[Collection entries]

- - - - -

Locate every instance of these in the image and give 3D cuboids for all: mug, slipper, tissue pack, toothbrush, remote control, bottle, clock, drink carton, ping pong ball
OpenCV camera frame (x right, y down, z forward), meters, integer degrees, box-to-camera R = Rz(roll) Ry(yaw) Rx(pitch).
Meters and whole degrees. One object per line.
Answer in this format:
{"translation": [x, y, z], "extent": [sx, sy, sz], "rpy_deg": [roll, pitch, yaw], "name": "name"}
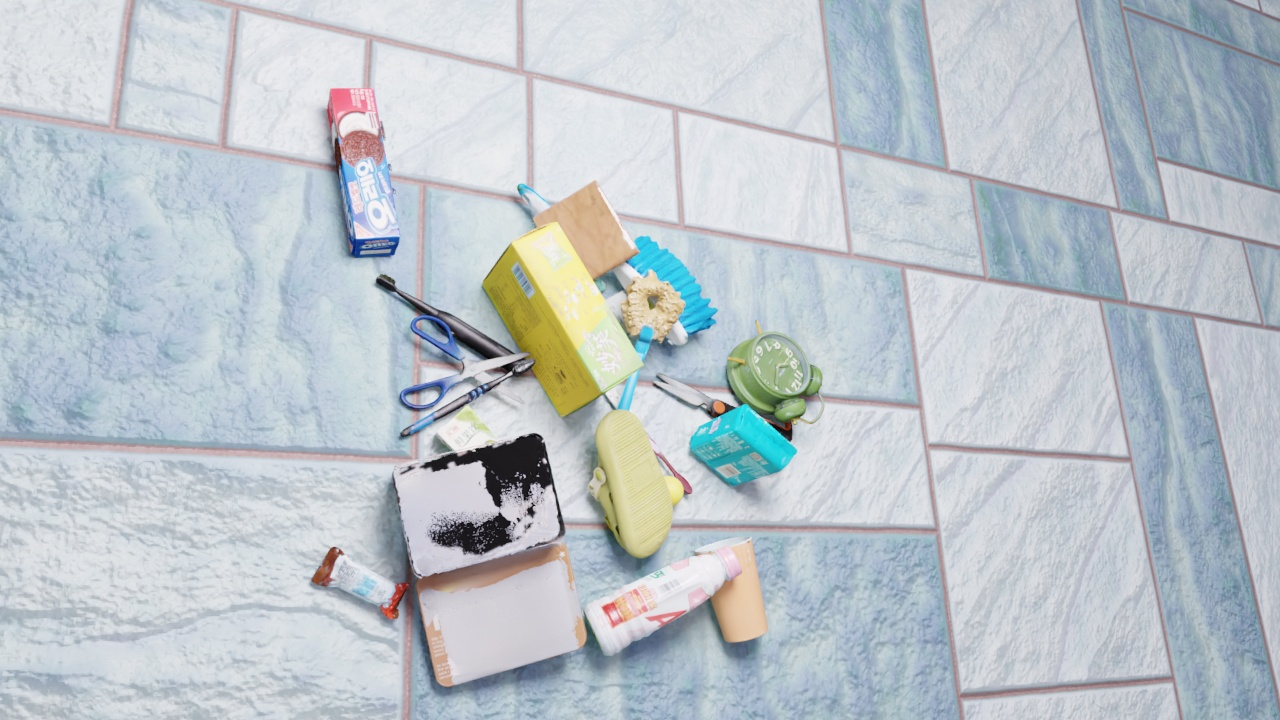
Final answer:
{"translation": [0.122, 0.298, 1.195], "extent": [0.078, 0.078, 0.122], "rpy_deg": [-11, 85, -29], "name": "mug"}
{"translation": [-0.021, 0.155, 1.166], "extent": [0.091, 0.082, 0.190], "rpy_deg": [-22, 101, -42], "name": "slipper"}
{"translation": [0.135, 0.113, 1.223], "extent": [0.093, 0.134, 0.050], "rpy_deg": [41, 57, -14], "name": "tissue pack"}
{"translation": [0.008, 0.107, 1.232], "extent": [0.016, 0.017, 0.187], "rpy_deg": [-40, 91, -28], "name": "toothbrush"}
{"translation": [-0.018, -0.069, 1.270], "extent": [0.134, 0.019, 0.056], "rpy_deg": [-33, 90, -31], "name": "remote control"}
{"translation": [-0.208, 0.044, 1.121], "extent": [0.189, 0.016, 0.014], "rpy_deg": [-30, 90, -20], "name": "toothbrush"}
{"translation": [0.030, 0.287, 1.123], "extent": [0.196, 0.068, 0.068], "rpy_deg": [-25, 86, -12], "name": "bottle"}
{"translation": [0.199, 0.026, 1.316], "extent": [0.161, 0.056, 0.115], "rpy_deg": [43, 53, -4], "name": "clock"}
{"translation": [-0.237, -0.046, 1.153], "extent": [0.212, 0.026, 0.027], "rpy_deg": [33, 33, -12], "name": "toothbrush"}
{"translation": [-0.188, 0.115, 1.112], "extent": [0.122, 0.046, 0.053], "rpy_deg": [46, 73, -4], "name": "drink carton"}
{"translation": [0.037, 0.172, 1.209], "extent": [0.040, 0.040, 0.040], "rpy_deg": [8, 71, -24], "name": "ping pong ball"}

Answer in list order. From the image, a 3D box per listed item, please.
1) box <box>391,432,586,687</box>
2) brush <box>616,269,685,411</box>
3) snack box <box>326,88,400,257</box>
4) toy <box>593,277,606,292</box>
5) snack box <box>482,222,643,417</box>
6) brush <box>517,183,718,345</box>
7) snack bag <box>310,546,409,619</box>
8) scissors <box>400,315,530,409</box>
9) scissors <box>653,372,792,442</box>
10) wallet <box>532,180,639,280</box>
{"translation": [-0.170, 0.225, 1.044], "extent": [0.176, 0.082, 0.259], "rpy_deg": [-12, 90, -13], "name": "box"}
{"translation": [-0.007, 0.007, 1.200], "extent": [0.083, 0.046, 0.254], "rpy_deg": [16, 88, -4], "name": "brush"}
{"translation": [-0.344, -0.234, 1.141], "extent": [0.058, 0.057, 0.207], "rpy_deg": [-8, 78, -25], "name": "snack box"}
{"translation": [-0.089, -0.111, 1.245], "extent": [0.091, 0.030, 0.096], "rpy_deg": [-12, 73, -36], "name": "toy"}
{"translation": [-0.101, -0.046, 1.142], "extent": [0.069, 0.158, 0.210], "rpy_deg": [-31, 89, -27], "name": "snack box"}
{"translation": [-0.029, -0.143, 1.249], "extent": [0.109, 0.061, 0.314], "rpy_deg": [-41, 91, -27], "name": "brush"}
{"translation": [-0.309, 0.249, 1.022], "extent": [0.105, 0.026, 0.045], "rpy_deg": [31, 72, -14], "name": "snack bag"}
{"translation": [-0.222, 0.008, 1.133], "extent": [0.162, 0.012, 0.174], "rpy_deg": [-40, 99, -19], "name": "scissors"}
{"translation": [0.122, 0.064, 1.303], "extent": [0.235, 0.022, 0.148], "rpy_deg": [45, 53, -1], "name": "scissors"}
{"translation": [-0.072, -0.165, 1.208], "extent": [0.101, 0.020, 0.115], "rpy_deg": [-32, 91, 1], "name": "wallet"}

- - - - -

• **Work to complete**
All that is wanted is the lines from the one containing "4) toy <box>593,277,606,292</box>" through the last line of the records, restated word for word.

• **Exercise response**
4) toy <box>593,277,606,292</box>
5) snack box <box>482,222,643,417</box>
6) brush <box>517,183,718,345</box>
7) snack bag <box>310,546,409,619</box>
8) scissors <box>400,315,530,409</box>
9) scissors <box>653,372,792,442</box>
10) wallet <box>532,180,639,280</box>
{"translation": [-0.170, 0.225, 1.044], "extent": [0.176, 0.082, 0.259], "rpy_deg": [-12, 90, -13], "name": "box"}
{"translation": [-0.007, 0.007, 1.200], "extent": [0.083, 0.046, 0.254], "rpy_deg": [16, 88, -4], "name": "brush"}
{"translation": [-0.344, -0.234, 1.141], "extent": [0.058, 0.057, 0.207], "rpy_deg": [-8, 78, -25], "name": "snack box"}
{"translation": [-0.089, -0.111, 1.245], "extent": [0.091, 0.030, 0.096], "rpy_deg": [-12, 73, -36], "name": "toy"}
{"translation": [-0.101, -0.046, 1.142], "extent": [0.069, 0.158, 0.210], "rpy_deg": [-31, 89, -27], "name": "snack box"}
{"translation": [-0.029, -0.143, 1.249], "extent": [0.109, 0.061, 0.314], "rpy_deg": [-41, 91, -27], "name": "brush"}
{"translation": [-0.309, 0.249, 1.022], "extent": [0.105, 0.026, 0.045], "rpy_deg": [31, 72, -14], "name": "snack bag"}
{"translation": [-0.222, 0.008, 1.133], "extent": [0.162, 0.012, 0.174], "rpy_deg": [-40, 99, -19], "name": "scissors"}
{"translation": [0.122, 0.064, 1.303], "extent": [0.235, 0.022, 0.148], "rpy_deg": [45, 53, -1], "name": "scissors"}
{"translation": [-0.072, -0.165, 1.208], "extent": [0.101, 0.020, 0.115], "rpy_deg": [-32, 91, 1], "name": "wallet"}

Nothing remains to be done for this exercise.